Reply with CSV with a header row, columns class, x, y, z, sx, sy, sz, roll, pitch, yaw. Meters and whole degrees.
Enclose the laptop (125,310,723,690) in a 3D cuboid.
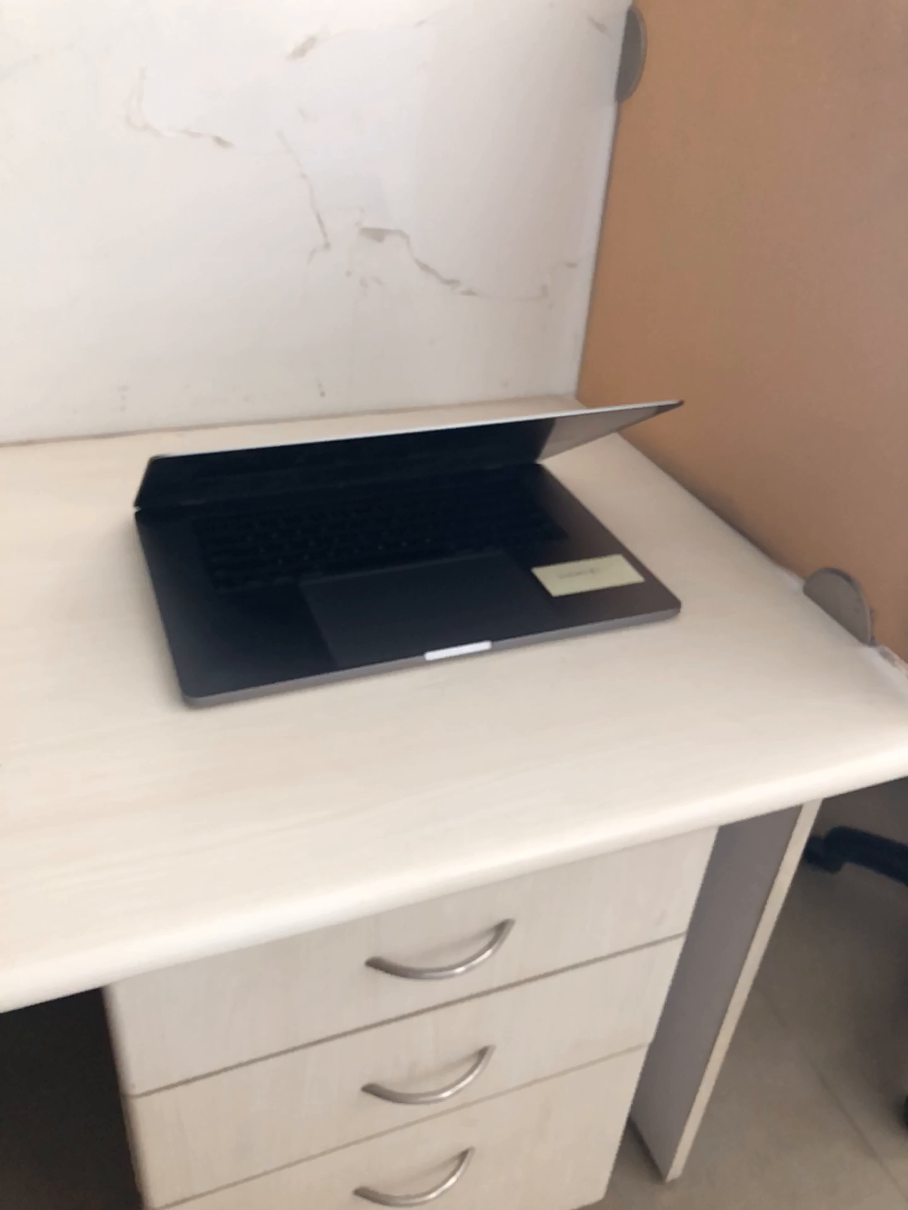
class,x,y,z,sx,sy,sz,roll,pitch,yaw
laptop,-0.035,-0.093,0.686,0.330,0.133,0.234,-9,34,-20

(What the exercise asks) Give an exact copy of the data, and omit any pictures it holds.

(Task output)
Reply with CSV with a header row, columns class, x, y, z, sx, sy, sz, roll, pitch, yaw. Meters and whole degrees.
Enclose the laptop (125,310,723,690) in a 3D cuboid.
class,x,y,z,sx,sy,sz,roll,pitch,yaw
laptop,-0.035,-0.093,0.686,0.330,0.133,0.234,-9,34,-20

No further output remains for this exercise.